Task details:
Reproduce the data below line by line, from its first line to the line with "shelving unit [726, 0, 827, 189]", both included, and nothing past that point.

Materials provided:
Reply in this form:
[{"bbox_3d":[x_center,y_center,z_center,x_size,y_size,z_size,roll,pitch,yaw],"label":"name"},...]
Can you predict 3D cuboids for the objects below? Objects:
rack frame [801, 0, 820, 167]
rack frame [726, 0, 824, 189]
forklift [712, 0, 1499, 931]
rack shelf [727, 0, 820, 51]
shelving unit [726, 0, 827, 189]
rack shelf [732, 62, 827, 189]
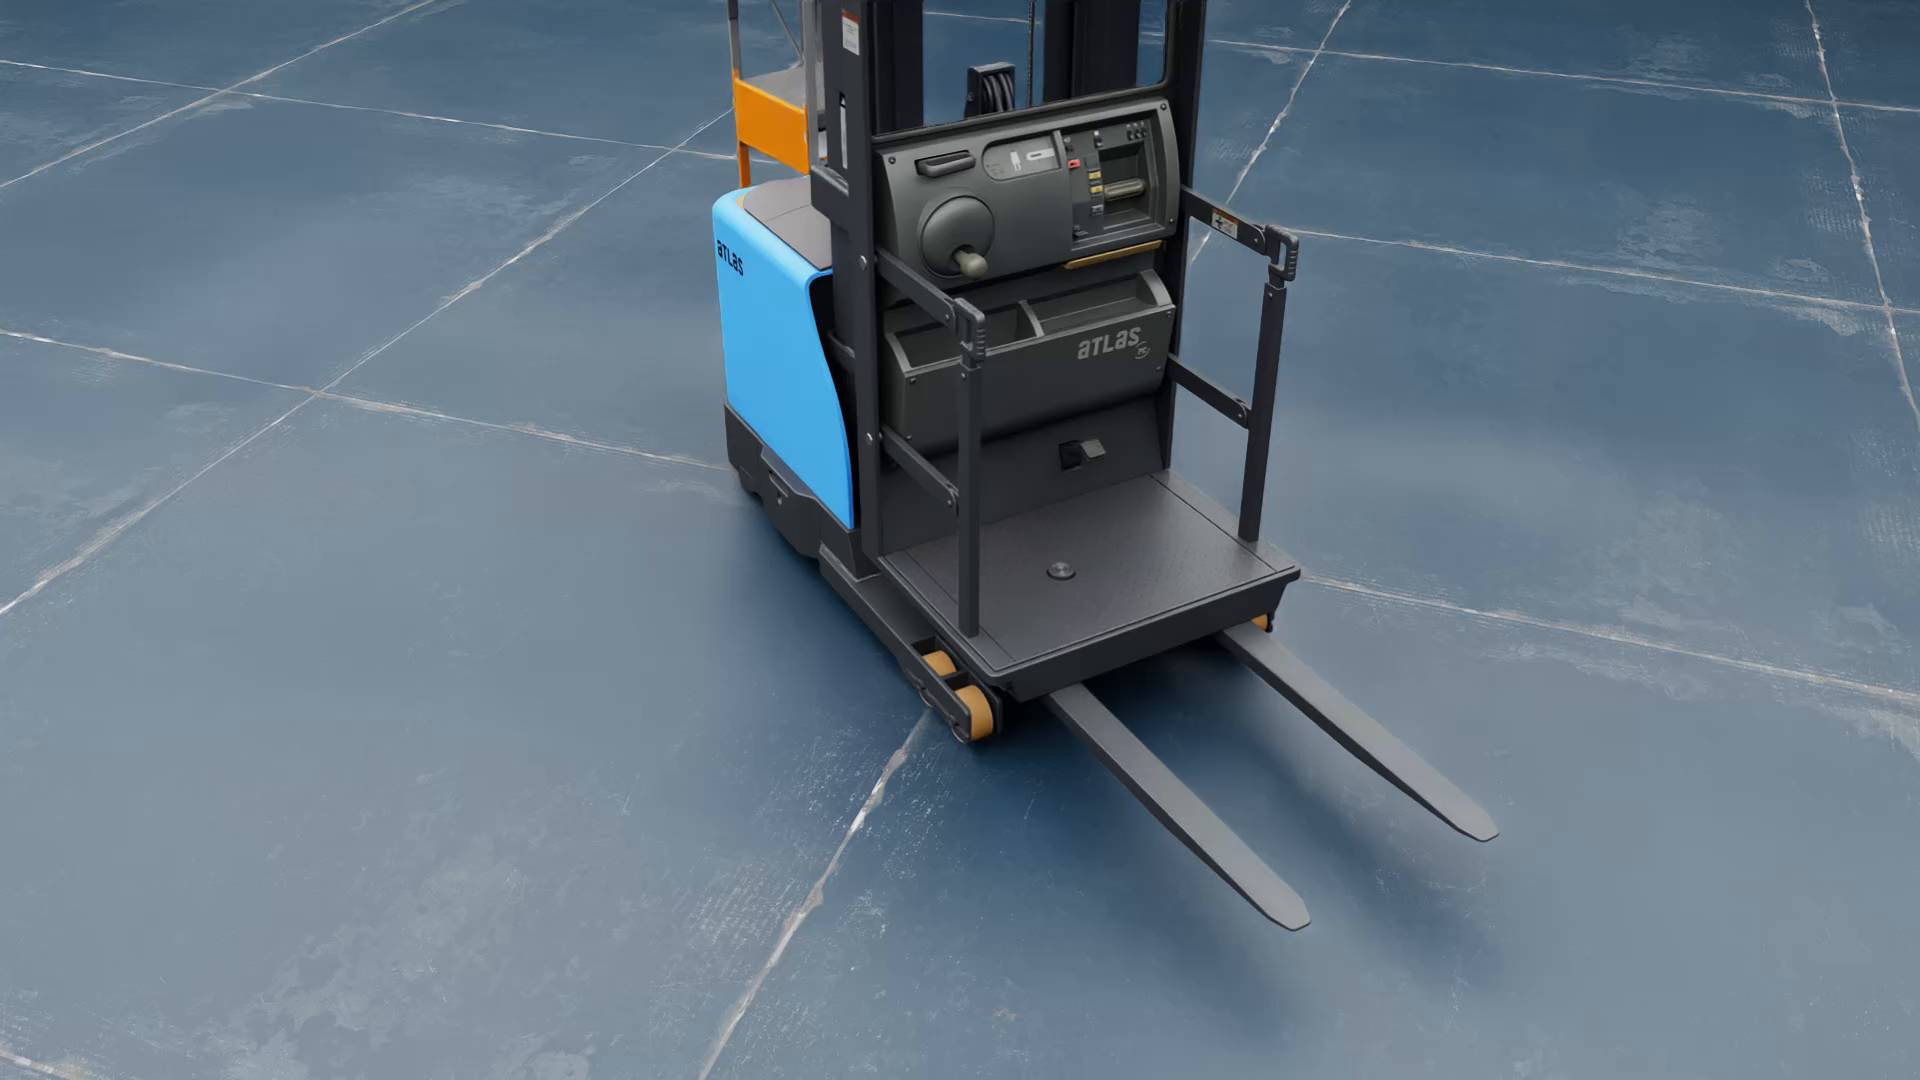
[{"bbox_3d":[-0.361,-1.340,5.889,0.400,2.100,0.015,-23,39,-31],"label":"rack frame"},{"bbox_3d":[-0.659,-1.549,6.213,0.400,2.100,0.015,-23,39,-31],"label":"rack frame"},{"bbox_3d":[0.321,-0.927,4.483,1.130,2.935,3.031,-17,37,-25],"label":"forklift"},{"bbox_3d":[-0.510,-2.021,5.679,0.431,0.518,0.480,-23,39,-31],"label":"rack shelf"},{"bbox_3d":[-0.510,-1.444,6.051,0.431,2.100,0.503,-23,39,-31],"label":"shelving unit"},{"bbox_3d":[-0.510,-1.433,6.059,0.431,0.518,0.480,-23,39,-31],"label":"rack shelf"}]

Output below:
Reply in this form:
[{"bbox_3d":[x_center,y_center,z_center,x_size,y_size,z_size,roll,pitch,yaw],"label":"name"},...]
Can you predict 3D cuboids for the objects below? Objects:
rack frame [801, 0, 820, 167]
rack frame [726, 0, 824, 189]
forklift [712, 0, 1499, 931]
rack shelf [727, 0, 820, 51]
shelving unit [726, 0, 827, 189]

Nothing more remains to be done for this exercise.